The convergence module itself has translational variability that enables the network to use different activations to accomplish the function of how to distinguish and locate leaves the whole process of steps a-d above can be calculated by:

wherein, the propofol is a detection frame, the bases is an area of the detection frame corresponding to the segmentation map, the coefficients is a confidence score of the detection frame, I is a linear interpolation operation, and roiign is an operation of fixing the size of the detection frame.

(12) Training the example segmentation model, and storing the trained model; testing the test data set by using the trained model to realize real-time segmentation of the blade image; iteratively optimizing the model parameters based on the defined loss function until the model converges; FIG. 7 is a diagram illustrating the effect of the trained model on segmenting the pictures in the test set.

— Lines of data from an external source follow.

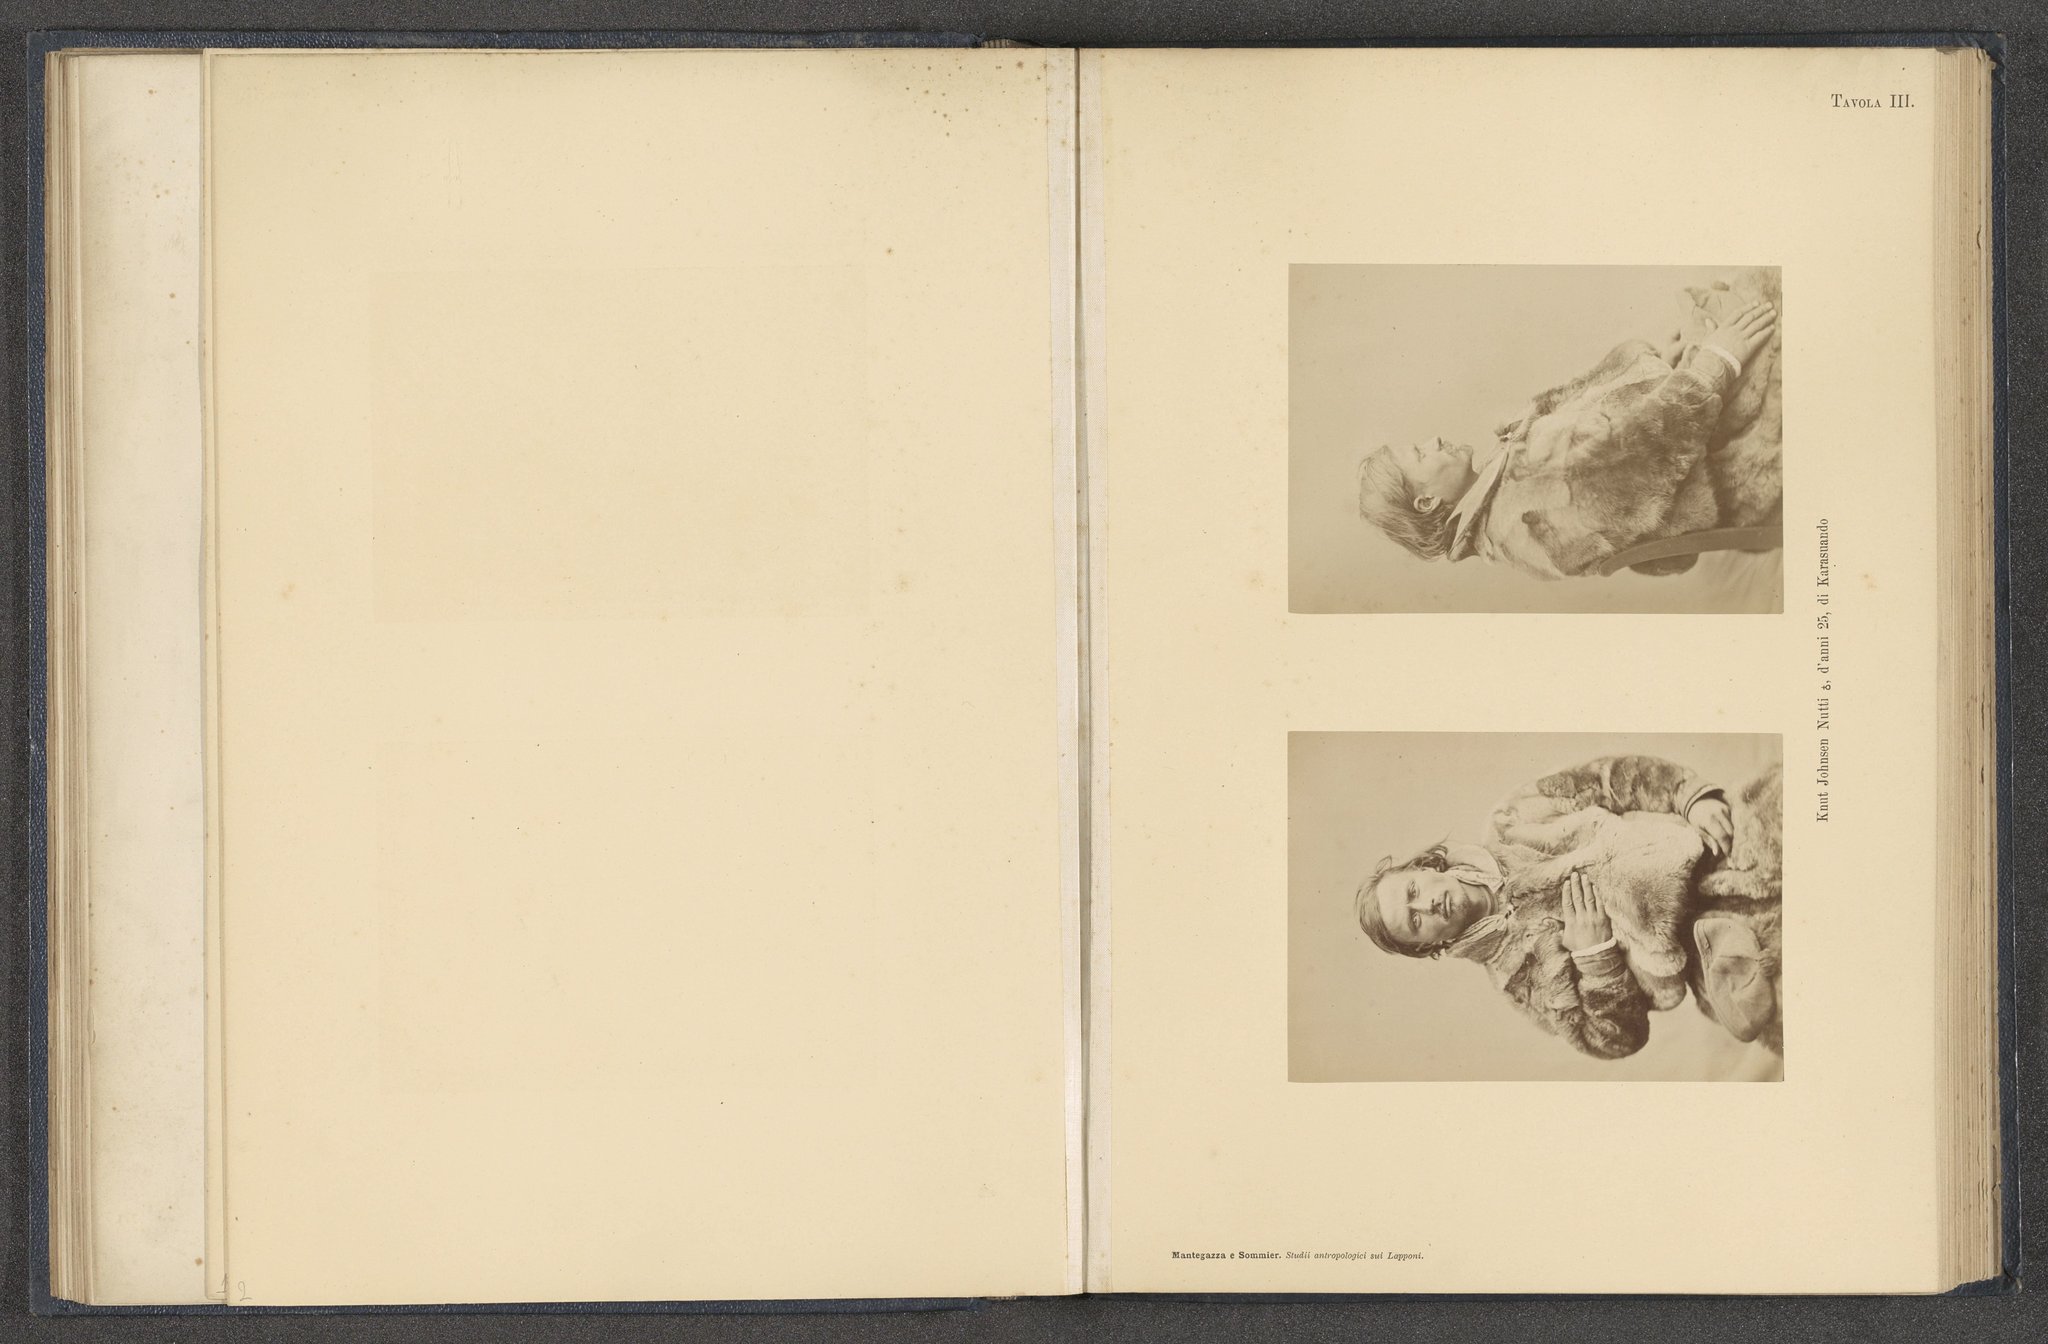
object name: page
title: Twee portretten van Knut Johnsen Nutti
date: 1870-1880
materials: paper, photographic support
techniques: albumen print
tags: adult man (+ front view), adult man (+ sideview, profile), fashion, clothing (+ fur used for clothes)
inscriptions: number: ‘Tavola III.’
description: Links een vooraanzicht, rechts een zijaanzicht.

The invention can obtain the following beneficial effects:

(1) the invention adopts a stage target detection branch, thus improving the detection speed;

(2) the method utilizes a data enhancement technology comprising operations such as turning, affine transformation, illumination adjustment, light and shade contrast transformation and the like to carry out data enhancement on the training sample, enriches image data, expands the scale of a data set, solves the problem of sample shortage, and simultaneously enhances the robustness and generalization capability of the model;

(3) the invention adopts FPN to extract the characteristics, breaks the trouble of parameter setting of the traditional detection method based on manual extraction of characteristics such as edges, contours, textures and the like;

(4) according to the invention, the automatic segmentation of the blades is realized by using a computer vision technology, compared with manual detection, the labor cost is saved, the production efficiency is improved, and the agricultural unmanned management is realized in a real sense;

(5) the invention provides a novel multi-scale double-attention mechanism which can improve the expression capability of a segmentation network in local and global dimensions;

(6) the invention effectively embeds the attention module into the segmentation network and generates the corresponding position-sensitive segmentation graph, which is beneficial to the distinction between the blades.

Claims

1. A segmentation system based on a multi-scale double-attention mechanism and a full convolution neural network comprises a feature extraction backbone network, a feature pyramid network, a semantic segmentation network, a target detector, a coefficient predictor and a fusion module, and is characterized in that: the feature extraction backbone network is used for extracting features of the training set images and the test set images and sending the features to the feature pyramid network; the characteristic pyramid network is used for carrying out sibling characteristic map fusion to obtain a P3-P7 characteristic map; inputting a P3-P7 feature map obtained through the feature pyramid fusion network into a target detector, and generating a suggested frame category and a position thereof pixel by the target detector to obtain a final detection frame; the coefficient predictor carries out weight prediction on the example information of the detection frame to generate an example proportion corresponding to the detection frame; the semantic segmentation network is used for processing the P3-P6 feature maps obtained by the feature pyramid fusion network to generate 4 segmentation maps; and the fusion module is used for superposing the 4 segmentation maps and the detection frame and multiplying the superposition with the corresponding example proportion so as to output the final segmentation map.

2. The segmentation system of claim 1, wherein: the feature extraction backbone network is the VoVNet57 network.

3. The segmentation system of claim 1, wherein: and the coefficient predictor is used for carrying out weight prediction on the example information of the detection frame output by the target detector.